In C++ this problem is solved using virtual destructors. By applying the keyword virtual to the declaration of a destructor the appropriate derived class destructor is activated when the argument of the delete operator is a base class pointer. In the following partial class definition the declaration of such a virtual destructor is shown:

    class Vehicle
    {
        public:
            virtual ~Vehicle();
            virtual size_t weight() const;
    };
By declaring a virtual destructor, the above delete operation (delete vp) will correctly call Land's destructor, rather than Vehicle's destructor.

From this discussion we are now able to formulate the following situations in which a destructor should be defined:

In the second case, the destructor doesn't have any special tasks to perform. In these cases the virtual destructor is given an empty body. For example, the definition of Vehicle::~Vehicle() may be as simple as:
    Vehicle::~Vehicle()
    {}
Often the destructor will be defined inline below the class interface.

temporary note: With the gnu compiler 4.1.2 an annoying bug prevents virtual destructors to be defined inline below their class interfaces without explicitly declaring the virtual destructor as inline within the interface. Until the bug has been repaired, inline virtual destructors should be defined as follows (using the class Vehicle as an example):

    class Vehicle
    {
        ...
        public:
            inline virtual ~Vehicle();  // note the `inline'
            ...
    };

    inline Vehicle::~Vehicle()          // inline implementation
    {}                                  // is kept unaltered.

14.3: Pure virtual functions

Until now the base class Vehicle contained its own, concrete, implementations of the virtual functions weight() and setWeight(). In C++ it is also possible only to mention virtual member functions in a base class, without actually defining them. The functions are concretely implemented in a derived class. This approach, in some languages (like C#, Delphi and Java) known as an interface, defines a protocol, which must be implemented by derived classes. This implies that derived classes must take care of the actual definition: the C++ compiler will not allow the definition of an object of a class in which one or more member functions are left undefined. The base class thus enforces a protocol by declaring a function by its name, return value and arguments. The derived classes must take care of the actual implementation. The base class itself defines therefore only a model or mold, to be used when other classes are derived. Such base classes are also called abstract classes or abstract base classes. Abstract base classes are the foundation of many design patterns (cf. Gamma et al. (1995)) , allowing the programmer to create highly reusable software. Some of these design patterns are covered by the Annotations (e.g, the Template Method in section 20.3), but for a thorough discussion of Design Patterns the reader is referred to Gamma et al.'s book.

Functions that are only declared in the base class are called pure virtual functions. A function is made pure virtual by prefixing the keyword virtual to its declaration and by postfixing it with = 0. An example of a pure virtual function occurs in the following listing, where the definition of a class Object requires the implementation of the conversion operator operator string():

    #include <string>

    class Object
    {
        public:
            virtual operator std::string() const = 0;
    };
Now, all classes derived from Object must implement the operator string() member function, or their objects cannot be constructed. This is neat: all objects derived from Object can now always be considered string objects, so they can, e.g., be inserted into ostream objects.

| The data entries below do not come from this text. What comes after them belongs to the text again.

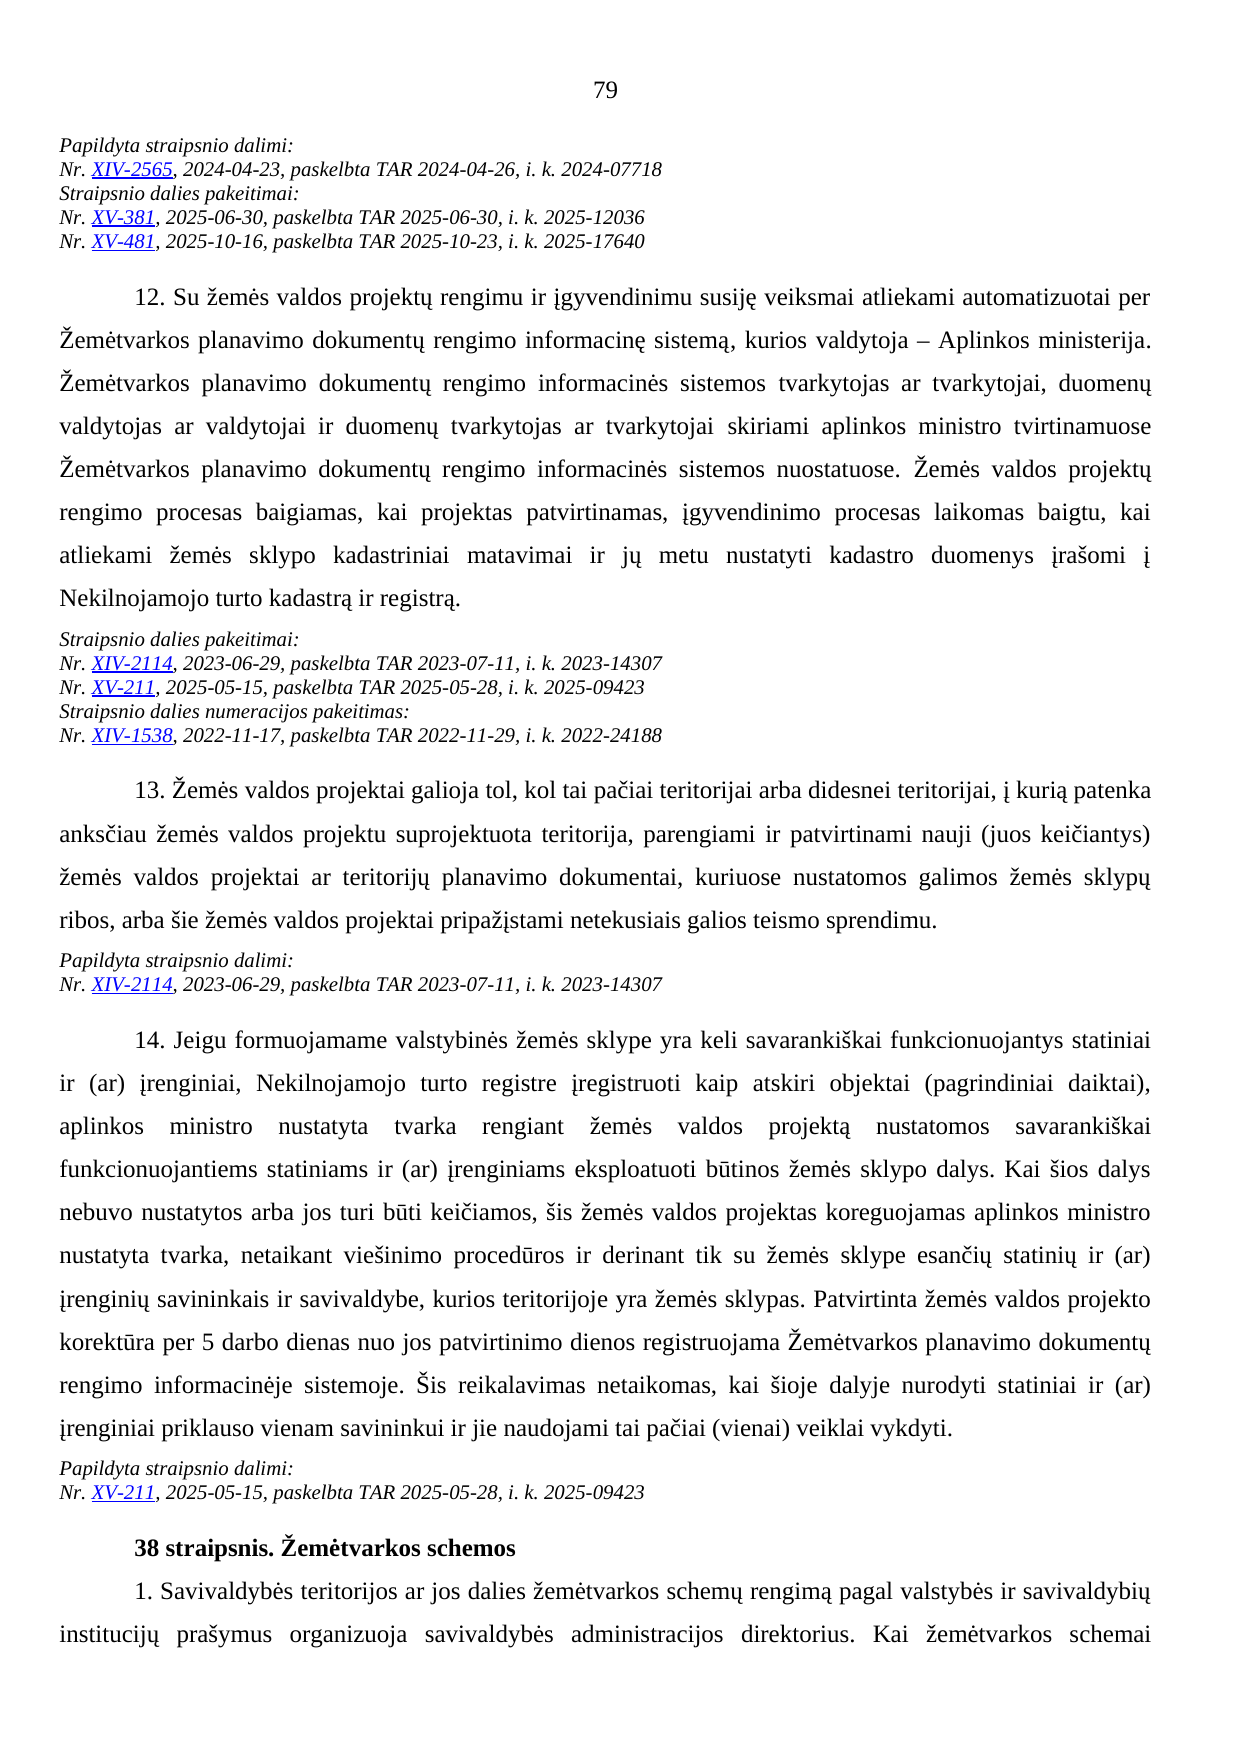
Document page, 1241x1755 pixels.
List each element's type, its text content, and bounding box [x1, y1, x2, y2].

text Nr. XV-381, 2025-06-30, paskelbta TAR 2025-06-30, i. k. 2025-12036 [59, 205, 1152, 229]
text 13. Žemės valdos projektai galioja tol, kol tai pačiai teritorijai arba didesnei teritorijai, į kurią patenka anksčiau žemės valdos projektu suprojektuota teritorija, parengiami ir patvirtinami nauji (juos keičiantys) žemės valdos projektai ar teritorijų planavimo dokumentai, kuriuose nustatomos galimos žemės sklypų ribos, arba šie žemės valdos projektai pripažįstami netekusiais galios teismo sprendimu. [59, 776, 1152, 934]
text Nr. XV-211, 2025-05-15, paskelbta TAR 2025-05-28, i. k. 2025-09423 [59, 1480, 1152, 1504]
text Nr. XIV-2114, 2023-06-29, paskelbta TAR 2023-07-11, i. k. 2023-14307 [59, 651, 1152, 675]
text Papildyta straipsnio dalimi: [59, 132, 1152, 157]
text Straipsnio dalies pakeitimai: [59, 181, 1152, 205]
text Straipsnio dalies numeracijos pakeitimas: [59, 699, 1152, 723]
text Nr. XIV-2114, 2023-06-29, paskelbta TAR 2023-07-11, i. k. 2023-14307 [59, 972, 1152, 996]
text 1. Savivaldybės teritorijos ar jos dalies žemėtvarkos schemų rengimą pagal valstybės ir savivaldybių institucijų prašymus organizuoja savivaldybės administracijos direktorius. Kai žemėtvarkos schemai [59, 1576, 1152, 1648]
text Nr. XIV-2565, 2024-04-23, paskelbta TAR 2024-04-26, i. k. 2024-07718 [59, 157, 1152, 181]
text Papildyta straipsnio dalimi: [59, 948, 1152, 972]
text 14. Jeigu formuojamame valstybinės žemės sklype yra keli savarankiškai funkcionuojantys statiniai ir (ar) įrenginiai, Nekilnojamojo turto registre įregistruoti kaip atskiri objektai (pagrindiniai daiktai), aplinkos ministro nustatyta tvarka rengiant žemės valdos projektą nustatomos savarankiškai funkcionuojantiems statiniams ir (ar) įrenginiams eksploatuoti būtinos žemės sklypo dalys. Kai šios dalys nebuvo nustatytos arba jos turi būti keičiamos, šis žemės valdos projektas koreguojamas aplinkos ministro nustatyta tvarka, netaikant viešinimo procedūros ir derinant tik su žemės sklype esančių statinių ir (ar) įrenginių savininkais ir savivaldybe, kurios teritorijoje yra žemės sklypas. Patvirtinta žemės valdos projekto korektūra per 5 darbo dienas nuo jos patvirtinimo dienos registruojama Žemėtvarkos planavimo dokumentų rengimo informacinėje sistemoje. Šis reikalavimas netaikomas, kai šioje dalyje nurodyti statiniai ir (ar) įrenginiai priklauso vienam savininkui ir jie naudojami tai pačiai (vienai) veiklai vykdyti. [59, 1025, 1152, 1442]
text 12. Su žemės valdos projektų rengimu ir įgyvendinimu susiję veiksmai atliekami automatizuotai per Žemėtvarkos planavimo dokumentų rengimo informacinę sistemą, kurios valdytoja – Aplinkos ministerija. Žemėtvarkos planavimo dokumentų rengimo informacinės sistemos tvarkytojas ar tvarkytojai, duomenų valdytojas ar valdytojai ir duomenų tvarkytojas ar tvarkytojai skiriami aplinkos ministro tvirtinamuose Žemėtvarkos planavimo dokumentų rengimo informacinės sistemos nuostatuose. Žemės valdos projektų rengimo procesas baigiamas, kai projektas patvirtinamas, įgyvendinimo procesas laikomas baigtu, kai atliekami žemės sklypo kadastriniai matavimai ir jų metu nustatyti kadastro duomenys įrašomi į Nekilnojamojo turto kadastrą ir registrą. [59, 282, 1152, 612]
text Nr. XIV-1538, 2022-11-17, paskelbta TAR 2022-11-29, i. k. 2022-24188 [59, 723, 1152, 747]
text Nr. XV-211, 2025-05-15, paskelbta TAR 2025-05-28, i. k. 2025-09423 [59, 675, 1152, 699]
text 38 straipsnis. Žemėtvarkos schemos [59, 1533, 1152, 1562]
text Straipsnio dalies pakeitimai: [59, 627, 1152, 651]
text Nr. XV-481, 2025-10-16, paskelbta TAR 2025-10-23, i. k. 2025-17640 [59, 229, 1152, 253]
text Papildyta straipsnio dalimi: [59, 1456, 1152, 1480]

Should the virtual destructor of a base class be a pure virtual function? The answer to this question is no: a class such as Vehicle should not require derived classes to define a destructor. In contrast, Object::operator string() can be a pure virtual function: in this case the base class defines a protocol which must be adhered to.

Realize what would happen if we would define the destructor of a base class as a pure virtual destructor: according to the compiler, the derived class object can be constructed: as its destructor is defined, the derived class is not a pure abstract class. However, inside the derived class destructor, the destructor of its base class is implicitly called. This destructor was never defined, and the linker will loudly complain about an undefined reference to, e.g., Virtual::~Virtual().

Often, but not necessarily always, pure virtual member functions are const member functions. This allows the construction of constant derived class objects. In other situations this might not be necessary (or realistic), and non-constant member functions might be required. The general rule for const member functions applies also to pure virtual functions: if the member function will alter the object's data members, it cannot be a const member function. Often abstract base classes have no data members. However, the prototype of the pure virtual member function must be used again in derived classes. If the implementation of a pure virtual function in a derived class alters the data of the derived class object, than that function cannot be declared as a const member function. Therefore, the constructor of an abstract base class should well consider whether a pure virtual member function should be a const member function or not.

14.3.1: Implementing pure virtual functions

Pure virtual member functions may be implemented. To implement a pure virtual member function: pure virtual and implemented member function, provide it with its normal = 0; specification, but implement it nonetheless. Since the = 0; ends in a semicolon, the pure virtual member is always at most a declaration in its class, but an implementation may either be provided in-line below the class interface or it may be defined as a non-inline member function in a source file of its own.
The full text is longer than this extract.